As far as the bank goes: this is what they get when they outsource their work
to an unscrupulous company. The company you're working for likely cheats both
ways - don't expect to be treated any better in the future. They probably
screw a lot of their employees over. They seem to have no issue doing illegal
things. You don't want to be working for a company like this.

------
thrwaway989
_Now, my rest of the contract fees hasn 't been paid out.

A software lawyer said I could be implicit in this activity ...

...

What's the way out? And will I be in legal trouble if I lawyer up?_

I'm not sure why you are asking for advice on Hacker News if you've already
spoken to a lawyer.
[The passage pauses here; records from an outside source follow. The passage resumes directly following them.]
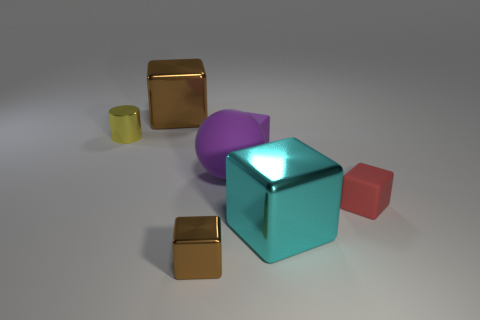There is a thing that is the same color as the small metal block; what is its material?
Provide a short and direct response. Metal. There is a big shiny object that is behind the cyan object; is its shape the same as the large object that is in front of the rubber ball?
Offer a terse response. Yes. What number of other objects are the same color as the big matte thing?
Your answer should be very brief. 1. What material is the tiny brown thing in front of the metallic block that is to the left of the small object that is in front of the tiny red block?
Your answer should be very brief. Metal. There is a large object that is to the left of the tiny metal thing to the right of the yellow thing; what is its material?
Give a very brief answer. Metal. Are there fewer tiny purple things that are to the right of the large purple object than brown matte cylinders?
Your answer should be compact. No. The tiny metal thing that is behind the cyan shiny block has what shape?
Offer a very short reply. Cylinder. Is the size of the shiny cylinder the same as the brown object that is behind the tiny purple matte thing?
Ensure brevity in your answer.  No. Is there a purple ball made of the same material as the purple cube?
Give a very brief answer. Yes. What number of cylinders are either big cyan things or red matte objects?
Give a very brief answer. 0.

Has the lawyer advised you to lawyer up?

There's nothing wrong with whistleblowing, or even venting on HN if you feel
you were robbed by the consulting company of contracting fees, but I don't see
the point of seeking legal advice here, under these circumstances.

------
pentesterlab
I have contacts in the security team of most banks in Australia. Happy to help

------
jamez1
Did you intend for your username to give away where you work? Unless of course
Odecee is not the firm here.

You should probably check your professional indemnity insurance is all sorted
out if you are a contractor.

------
dvtv75
One thing that I haven't noticed anyone here mentioning is:

Document everything you've done. Everything. It may help protect you.

But get a good lawyer.

------
ziffusion
What in the fucking fuck! How hard is it setup your own git server for the
consultants to use?!

------
cpncrunch
Contact the CEO of the consultancy. Assume he/she doesnt know and would like
to know. Do it in writing. Then write registered letters to all directors of
bank if no satisfactory answer and remove yourself from project, and send
threats of legal action if not paid in required time.

If you are upfront with the bank, it is unlikely they will take legal action
against you. In the event they do, you will be protected by your limited
liability company (assuming you are operating through one).